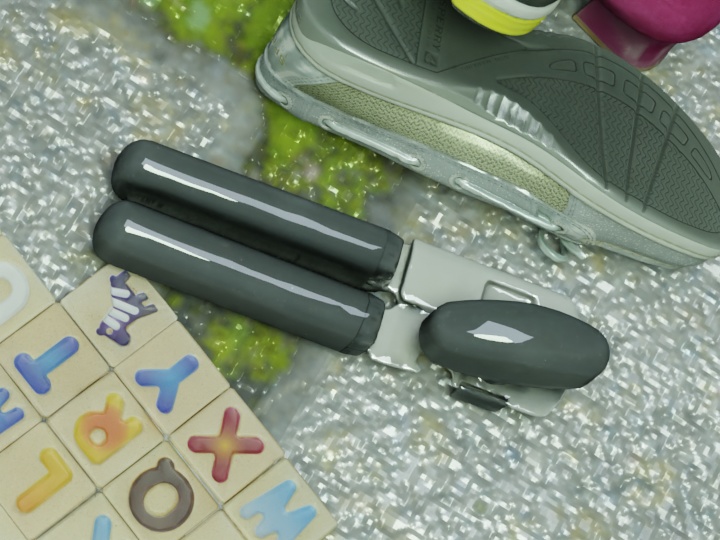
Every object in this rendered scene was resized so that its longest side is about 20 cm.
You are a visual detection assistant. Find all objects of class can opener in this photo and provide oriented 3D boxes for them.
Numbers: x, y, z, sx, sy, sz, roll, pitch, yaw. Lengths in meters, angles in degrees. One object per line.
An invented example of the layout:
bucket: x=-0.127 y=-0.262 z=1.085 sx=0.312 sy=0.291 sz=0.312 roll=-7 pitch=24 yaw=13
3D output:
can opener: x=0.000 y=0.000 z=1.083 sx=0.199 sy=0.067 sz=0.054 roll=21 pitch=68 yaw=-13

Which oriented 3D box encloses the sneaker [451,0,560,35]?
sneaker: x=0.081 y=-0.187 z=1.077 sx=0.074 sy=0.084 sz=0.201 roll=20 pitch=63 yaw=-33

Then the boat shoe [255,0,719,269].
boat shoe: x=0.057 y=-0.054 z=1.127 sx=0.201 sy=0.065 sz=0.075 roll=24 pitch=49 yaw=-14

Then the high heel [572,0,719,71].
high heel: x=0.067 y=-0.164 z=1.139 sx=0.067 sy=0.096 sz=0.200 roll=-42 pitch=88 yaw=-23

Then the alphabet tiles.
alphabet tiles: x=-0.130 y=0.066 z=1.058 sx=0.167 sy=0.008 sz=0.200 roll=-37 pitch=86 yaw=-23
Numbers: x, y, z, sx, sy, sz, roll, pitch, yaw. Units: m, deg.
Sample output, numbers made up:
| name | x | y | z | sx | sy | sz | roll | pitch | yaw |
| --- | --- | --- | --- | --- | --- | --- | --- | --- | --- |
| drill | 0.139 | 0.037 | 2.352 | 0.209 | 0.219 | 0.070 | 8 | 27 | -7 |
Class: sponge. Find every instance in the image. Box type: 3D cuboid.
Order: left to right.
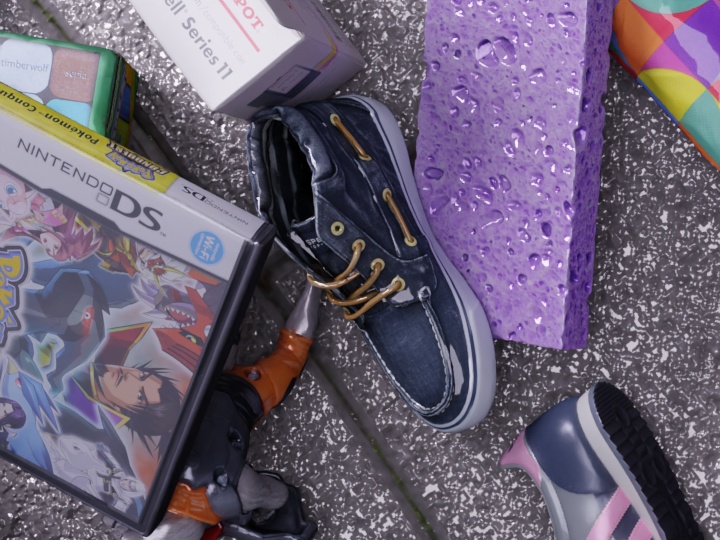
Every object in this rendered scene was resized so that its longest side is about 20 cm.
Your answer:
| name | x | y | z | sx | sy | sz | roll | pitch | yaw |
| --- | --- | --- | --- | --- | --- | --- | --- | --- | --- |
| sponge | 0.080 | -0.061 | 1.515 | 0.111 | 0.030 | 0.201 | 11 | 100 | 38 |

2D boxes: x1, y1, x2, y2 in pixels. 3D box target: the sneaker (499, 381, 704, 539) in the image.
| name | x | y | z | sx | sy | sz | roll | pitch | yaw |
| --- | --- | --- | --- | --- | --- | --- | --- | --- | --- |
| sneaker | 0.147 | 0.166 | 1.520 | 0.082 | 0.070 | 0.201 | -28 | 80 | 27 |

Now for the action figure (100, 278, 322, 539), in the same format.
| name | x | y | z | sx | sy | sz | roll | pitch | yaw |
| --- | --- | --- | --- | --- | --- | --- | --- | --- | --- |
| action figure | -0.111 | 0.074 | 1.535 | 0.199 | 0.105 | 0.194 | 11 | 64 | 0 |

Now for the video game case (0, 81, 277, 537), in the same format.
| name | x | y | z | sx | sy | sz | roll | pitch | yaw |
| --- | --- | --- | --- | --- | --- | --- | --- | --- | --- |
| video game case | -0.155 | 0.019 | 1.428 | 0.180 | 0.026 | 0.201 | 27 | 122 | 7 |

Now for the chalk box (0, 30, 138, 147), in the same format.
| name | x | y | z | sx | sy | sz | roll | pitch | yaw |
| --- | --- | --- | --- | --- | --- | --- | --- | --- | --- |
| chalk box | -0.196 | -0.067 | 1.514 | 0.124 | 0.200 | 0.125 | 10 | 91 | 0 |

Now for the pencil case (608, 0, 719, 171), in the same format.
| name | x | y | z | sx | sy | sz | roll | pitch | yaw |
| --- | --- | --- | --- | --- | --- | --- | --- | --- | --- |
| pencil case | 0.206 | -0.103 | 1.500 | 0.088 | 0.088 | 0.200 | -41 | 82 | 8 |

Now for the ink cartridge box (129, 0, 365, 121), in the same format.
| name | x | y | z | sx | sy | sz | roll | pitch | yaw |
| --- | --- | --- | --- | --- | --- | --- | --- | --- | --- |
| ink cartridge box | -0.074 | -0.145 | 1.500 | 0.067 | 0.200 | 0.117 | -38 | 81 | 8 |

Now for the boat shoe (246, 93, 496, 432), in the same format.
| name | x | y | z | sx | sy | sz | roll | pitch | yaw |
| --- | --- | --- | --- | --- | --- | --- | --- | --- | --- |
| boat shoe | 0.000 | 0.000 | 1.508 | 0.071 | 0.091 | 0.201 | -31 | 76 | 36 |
────
* EXERCISE OBJECTIVE
Look through the entries and return every line where "Find" appears.

* EXPECTED OUTPUT
You are a visual detection assistant. Find all objects of class can opener in this photo and provide oriented 3D boxes for them.
Class: sponge. Find every instance in the image. Box type: 3D cuboid.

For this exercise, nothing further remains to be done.